- **Instructions to follow**: Read through the lines below for the string "Názov" and copy each one that has it.

[Items listed in a dataset]
--

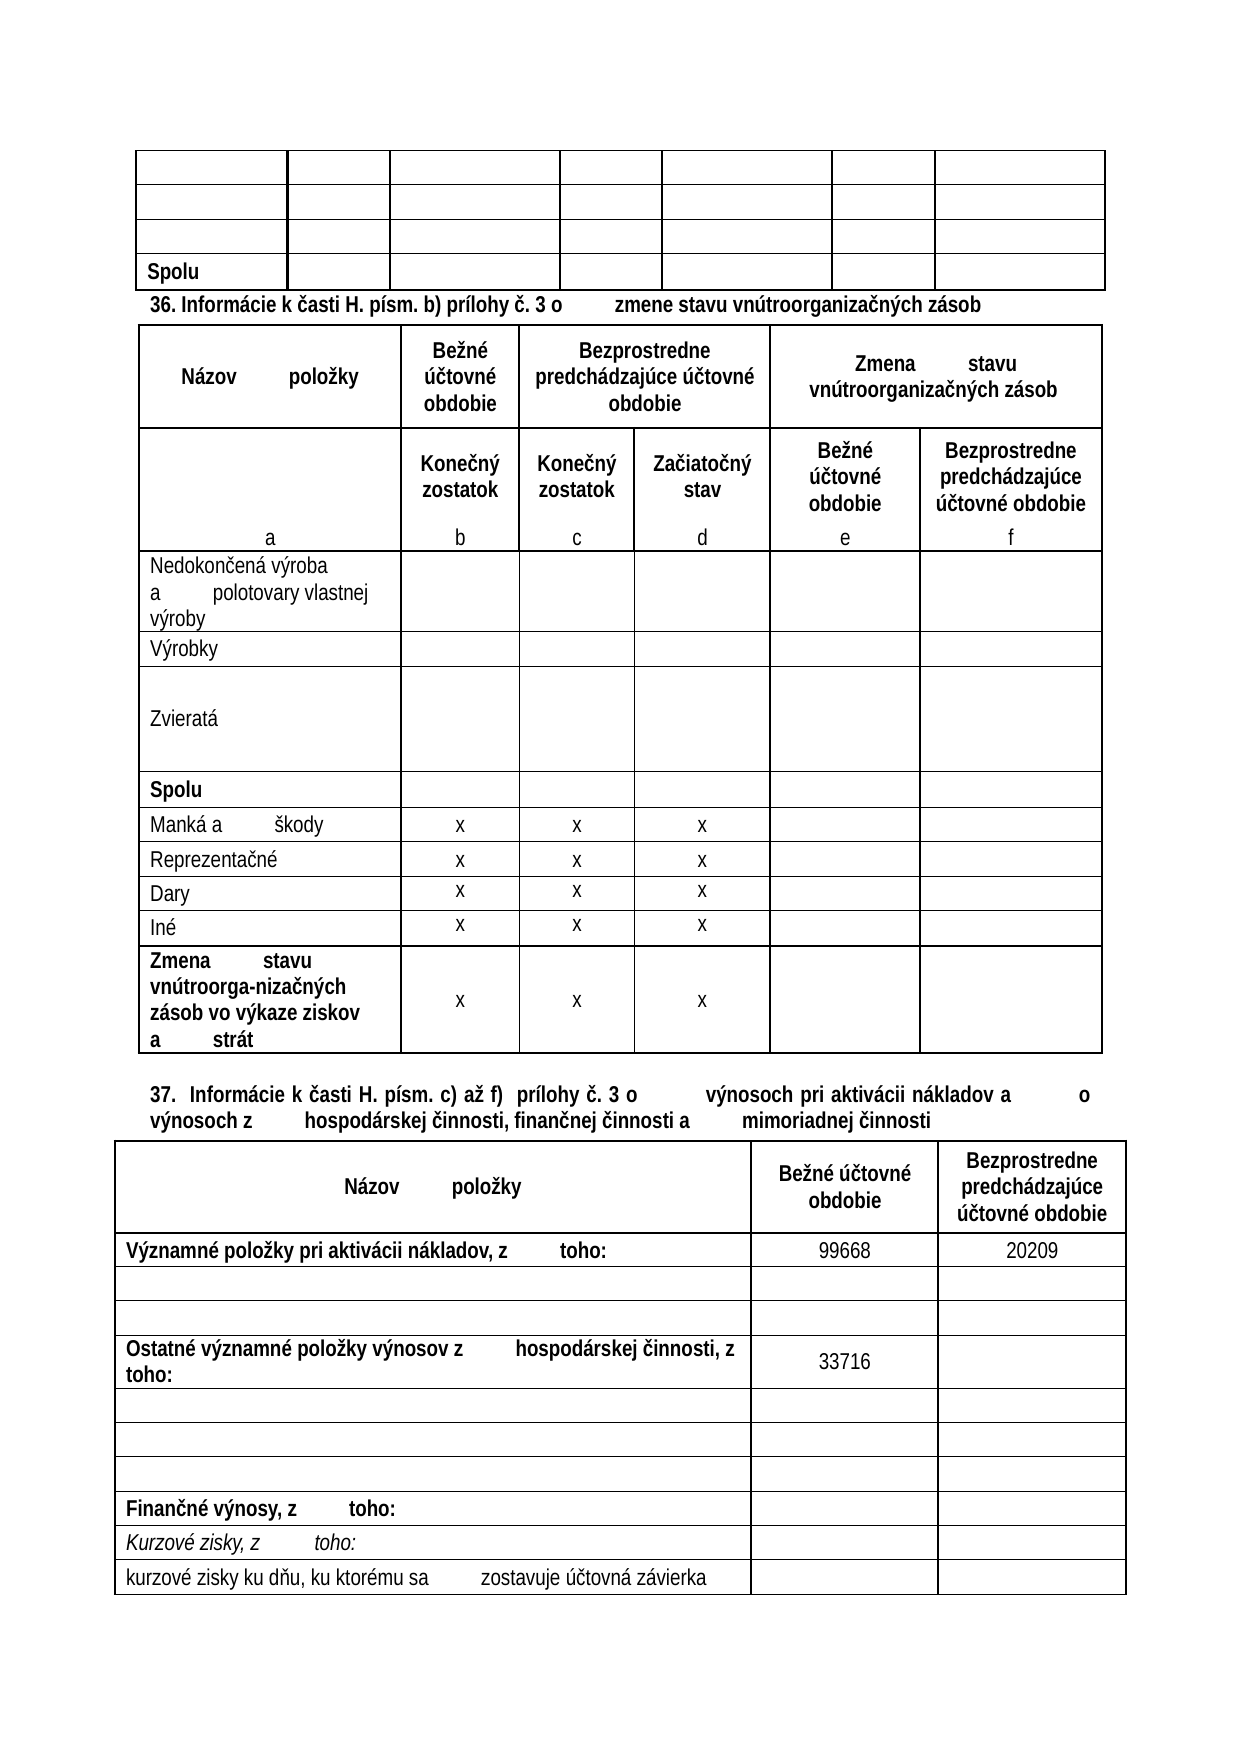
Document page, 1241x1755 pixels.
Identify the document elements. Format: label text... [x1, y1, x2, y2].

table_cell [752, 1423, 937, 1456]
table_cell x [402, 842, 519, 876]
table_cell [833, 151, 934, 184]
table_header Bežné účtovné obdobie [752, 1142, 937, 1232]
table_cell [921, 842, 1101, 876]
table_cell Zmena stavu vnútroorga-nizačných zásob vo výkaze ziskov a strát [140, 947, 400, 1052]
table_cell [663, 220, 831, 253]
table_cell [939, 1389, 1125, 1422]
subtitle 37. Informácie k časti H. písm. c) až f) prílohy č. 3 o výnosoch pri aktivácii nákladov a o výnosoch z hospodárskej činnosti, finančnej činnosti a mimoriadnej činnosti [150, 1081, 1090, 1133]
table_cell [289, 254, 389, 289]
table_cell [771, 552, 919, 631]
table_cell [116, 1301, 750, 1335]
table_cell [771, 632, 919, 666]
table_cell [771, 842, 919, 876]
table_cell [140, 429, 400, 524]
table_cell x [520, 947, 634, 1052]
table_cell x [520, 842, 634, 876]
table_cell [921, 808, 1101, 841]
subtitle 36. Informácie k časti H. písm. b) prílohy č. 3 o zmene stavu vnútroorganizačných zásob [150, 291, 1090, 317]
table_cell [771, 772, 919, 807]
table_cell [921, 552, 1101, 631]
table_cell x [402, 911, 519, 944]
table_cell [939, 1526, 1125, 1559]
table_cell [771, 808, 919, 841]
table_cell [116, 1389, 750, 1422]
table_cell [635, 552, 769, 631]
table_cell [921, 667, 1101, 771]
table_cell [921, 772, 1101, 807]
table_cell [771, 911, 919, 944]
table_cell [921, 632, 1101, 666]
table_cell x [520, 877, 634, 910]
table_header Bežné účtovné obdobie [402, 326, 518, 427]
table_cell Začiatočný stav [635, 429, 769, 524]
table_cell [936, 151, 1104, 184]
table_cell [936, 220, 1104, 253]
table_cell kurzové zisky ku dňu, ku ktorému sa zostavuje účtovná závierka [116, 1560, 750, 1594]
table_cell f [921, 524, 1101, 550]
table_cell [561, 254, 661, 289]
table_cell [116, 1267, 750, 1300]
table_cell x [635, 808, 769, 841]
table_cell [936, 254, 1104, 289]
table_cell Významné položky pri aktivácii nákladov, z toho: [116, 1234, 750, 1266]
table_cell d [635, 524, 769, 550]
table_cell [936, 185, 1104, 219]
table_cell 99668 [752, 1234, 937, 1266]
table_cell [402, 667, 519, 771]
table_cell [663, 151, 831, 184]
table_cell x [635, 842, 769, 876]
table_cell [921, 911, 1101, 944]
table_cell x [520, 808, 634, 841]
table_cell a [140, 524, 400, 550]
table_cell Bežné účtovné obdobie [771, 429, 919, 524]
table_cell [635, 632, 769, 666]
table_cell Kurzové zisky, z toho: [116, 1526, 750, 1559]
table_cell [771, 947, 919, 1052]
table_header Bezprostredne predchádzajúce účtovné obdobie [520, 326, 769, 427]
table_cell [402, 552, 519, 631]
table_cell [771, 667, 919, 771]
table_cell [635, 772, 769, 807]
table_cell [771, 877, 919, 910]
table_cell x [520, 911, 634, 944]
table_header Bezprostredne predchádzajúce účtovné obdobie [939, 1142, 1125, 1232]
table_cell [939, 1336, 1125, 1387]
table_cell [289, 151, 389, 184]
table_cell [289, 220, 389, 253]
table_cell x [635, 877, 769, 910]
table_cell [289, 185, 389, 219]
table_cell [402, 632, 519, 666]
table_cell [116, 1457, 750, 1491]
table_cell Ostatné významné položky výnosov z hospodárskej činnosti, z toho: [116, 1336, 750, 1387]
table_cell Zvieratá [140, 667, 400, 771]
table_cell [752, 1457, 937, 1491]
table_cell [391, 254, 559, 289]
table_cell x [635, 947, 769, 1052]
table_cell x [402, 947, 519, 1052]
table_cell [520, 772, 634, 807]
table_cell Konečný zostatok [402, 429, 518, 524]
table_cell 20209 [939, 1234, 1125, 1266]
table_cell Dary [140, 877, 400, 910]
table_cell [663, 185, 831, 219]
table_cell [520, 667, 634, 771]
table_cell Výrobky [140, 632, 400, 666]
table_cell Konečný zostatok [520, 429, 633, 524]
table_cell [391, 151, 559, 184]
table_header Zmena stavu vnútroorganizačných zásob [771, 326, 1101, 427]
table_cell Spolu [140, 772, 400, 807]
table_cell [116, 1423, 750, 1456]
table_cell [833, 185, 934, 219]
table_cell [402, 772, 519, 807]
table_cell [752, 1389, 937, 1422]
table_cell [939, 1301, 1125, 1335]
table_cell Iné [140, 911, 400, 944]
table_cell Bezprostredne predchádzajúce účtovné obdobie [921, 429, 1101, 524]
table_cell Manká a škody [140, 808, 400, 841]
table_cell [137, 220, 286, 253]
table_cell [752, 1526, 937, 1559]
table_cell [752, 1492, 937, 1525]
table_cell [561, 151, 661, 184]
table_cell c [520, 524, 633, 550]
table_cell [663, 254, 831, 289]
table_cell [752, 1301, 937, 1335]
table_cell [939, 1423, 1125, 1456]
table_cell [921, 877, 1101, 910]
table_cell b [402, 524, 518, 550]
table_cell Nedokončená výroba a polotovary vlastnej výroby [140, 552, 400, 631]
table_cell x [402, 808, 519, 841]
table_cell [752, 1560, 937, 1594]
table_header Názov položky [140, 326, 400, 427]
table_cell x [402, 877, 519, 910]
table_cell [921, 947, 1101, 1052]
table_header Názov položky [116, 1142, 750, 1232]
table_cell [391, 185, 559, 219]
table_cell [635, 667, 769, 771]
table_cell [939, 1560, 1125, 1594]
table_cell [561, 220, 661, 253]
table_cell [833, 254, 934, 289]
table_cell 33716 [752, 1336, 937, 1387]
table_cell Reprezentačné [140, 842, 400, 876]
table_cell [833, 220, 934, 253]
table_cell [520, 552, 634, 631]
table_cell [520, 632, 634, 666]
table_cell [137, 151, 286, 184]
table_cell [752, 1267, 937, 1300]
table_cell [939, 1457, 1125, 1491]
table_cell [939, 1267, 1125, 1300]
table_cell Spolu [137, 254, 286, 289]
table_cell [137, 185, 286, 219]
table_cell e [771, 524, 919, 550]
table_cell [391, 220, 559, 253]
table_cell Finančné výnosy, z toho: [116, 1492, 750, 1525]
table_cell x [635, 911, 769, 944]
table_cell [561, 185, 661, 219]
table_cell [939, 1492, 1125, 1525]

--

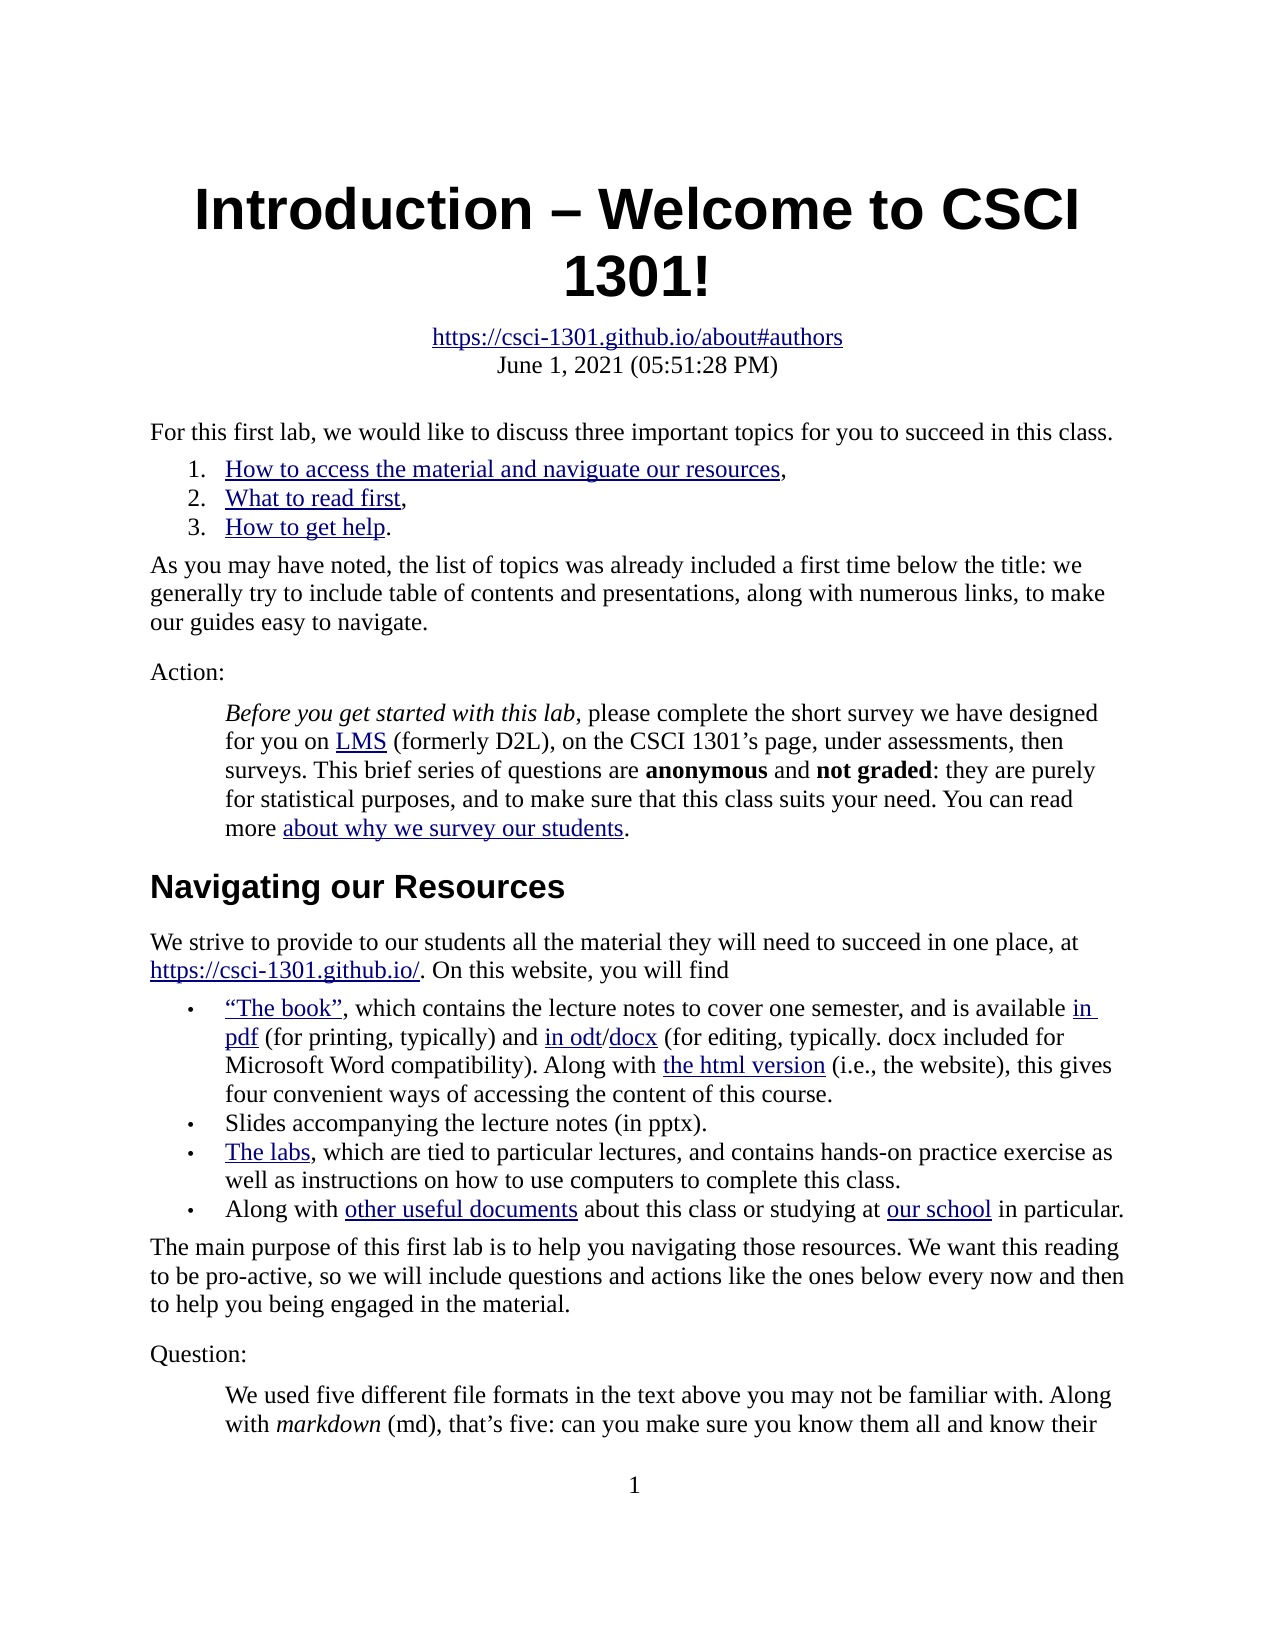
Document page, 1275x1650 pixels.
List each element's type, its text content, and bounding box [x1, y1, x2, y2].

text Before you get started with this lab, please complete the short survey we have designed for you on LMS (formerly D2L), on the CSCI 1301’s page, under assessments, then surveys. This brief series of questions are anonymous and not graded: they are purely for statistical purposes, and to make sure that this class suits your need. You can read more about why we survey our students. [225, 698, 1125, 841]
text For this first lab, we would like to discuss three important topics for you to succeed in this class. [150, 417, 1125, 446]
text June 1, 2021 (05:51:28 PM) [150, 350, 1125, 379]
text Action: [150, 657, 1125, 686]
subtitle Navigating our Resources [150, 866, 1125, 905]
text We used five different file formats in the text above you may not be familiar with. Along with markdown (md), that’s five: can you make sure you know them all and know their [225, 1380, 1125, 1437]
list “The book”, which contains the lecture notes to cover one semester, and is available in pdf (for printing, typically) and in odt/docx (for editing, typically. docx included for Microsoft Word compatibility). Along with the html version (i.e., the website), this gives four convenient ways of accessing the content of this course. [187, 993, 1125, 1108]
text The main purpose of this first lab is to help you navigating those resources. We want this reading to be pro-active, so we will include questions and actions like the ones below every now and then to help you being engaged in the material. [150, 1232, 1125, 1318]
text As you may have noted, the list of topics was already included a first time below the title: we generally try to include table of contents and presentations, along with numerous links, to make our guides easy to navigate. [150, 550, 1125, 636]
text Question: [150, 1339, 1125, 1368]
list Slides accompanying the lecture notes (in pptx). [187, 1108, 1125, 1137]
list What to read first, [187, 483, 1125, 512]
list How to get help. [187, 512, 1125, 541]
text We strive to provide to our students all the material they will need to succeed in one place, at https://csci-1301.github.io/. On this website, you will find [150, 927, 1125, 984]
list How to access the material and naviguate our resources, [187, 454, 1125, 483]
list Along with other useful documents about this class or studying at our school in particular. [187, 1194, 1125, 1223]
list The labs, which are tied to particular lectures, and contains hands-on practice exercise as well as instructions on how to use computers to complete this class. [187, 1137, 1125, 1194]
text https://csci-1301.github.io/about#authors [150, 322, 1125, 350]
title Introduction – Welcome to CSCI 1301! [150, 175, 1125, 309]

--

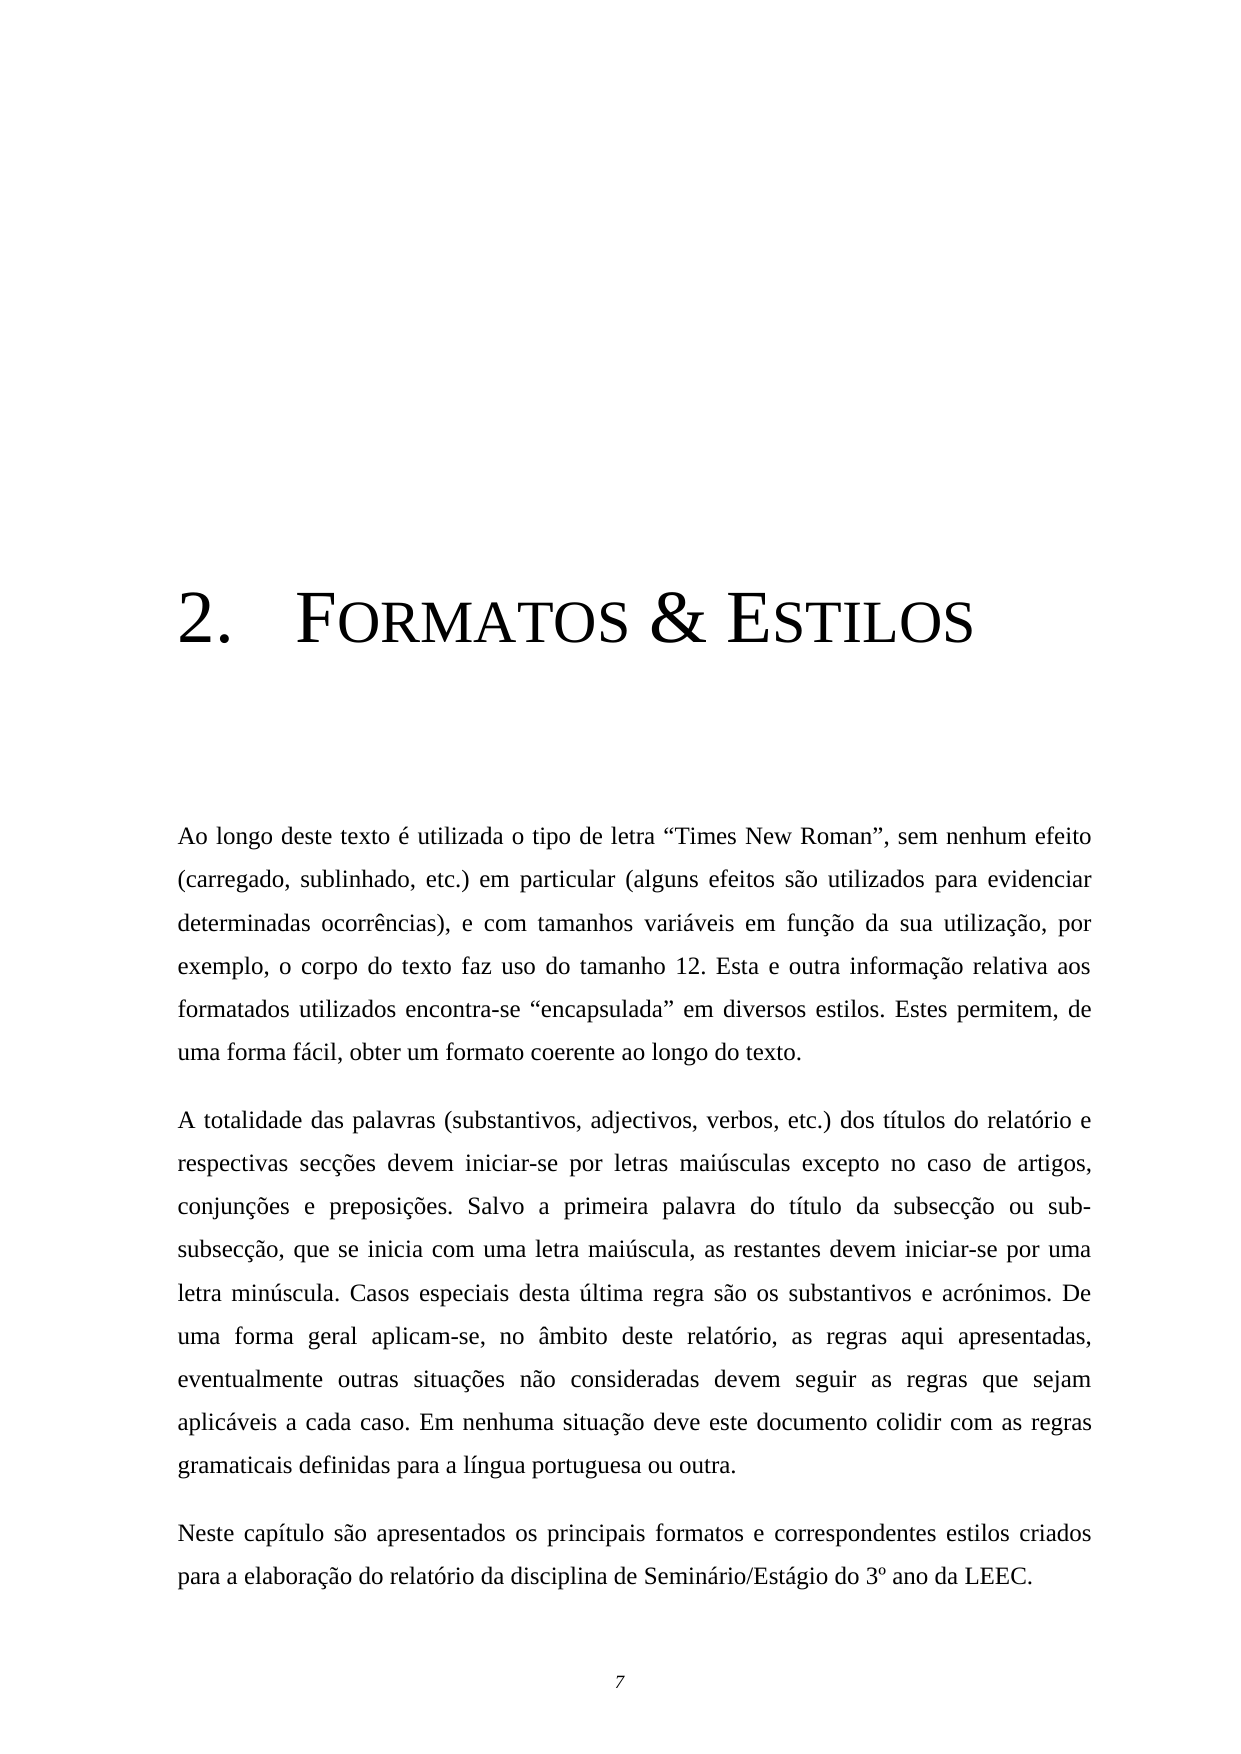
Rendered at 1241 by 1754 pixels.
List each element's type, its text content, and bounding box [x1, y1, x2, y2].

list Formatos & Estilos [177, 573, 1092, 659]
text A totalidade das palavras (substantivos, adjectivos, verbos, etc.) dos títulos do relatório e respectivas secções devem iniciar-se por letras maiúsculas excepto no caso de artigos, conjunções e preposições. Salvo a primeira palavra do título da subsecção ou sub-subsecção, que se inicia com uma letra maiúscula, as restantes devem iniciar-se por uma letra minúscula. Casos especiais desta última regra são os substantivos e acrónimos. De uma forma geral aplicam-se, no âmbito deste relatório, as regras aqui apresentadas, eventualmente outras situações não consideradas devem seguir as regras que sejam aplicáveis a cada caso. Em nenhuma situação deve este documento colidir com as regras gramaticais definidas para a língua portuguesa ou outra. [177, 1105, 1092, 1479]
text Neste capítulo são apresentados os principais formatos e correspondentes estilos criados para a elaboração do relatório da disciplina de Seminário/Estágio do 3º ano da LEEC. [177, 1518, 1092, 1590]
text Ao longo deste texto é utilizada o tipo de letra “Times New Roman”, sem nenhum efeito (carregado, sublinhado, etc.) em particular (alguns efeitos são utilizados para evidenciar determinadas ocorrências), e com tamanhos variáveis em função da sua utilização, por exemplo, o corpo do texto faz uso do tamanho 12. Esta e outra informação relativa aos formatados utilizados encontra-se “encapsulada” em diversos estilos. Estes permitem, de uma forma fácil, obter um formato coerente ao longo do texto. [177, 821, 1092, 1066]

--

- **Your solution**:
table_header Názov položky [140, 326, 400, 427]
table_header Názov položky [116, 1142, 750, 1232]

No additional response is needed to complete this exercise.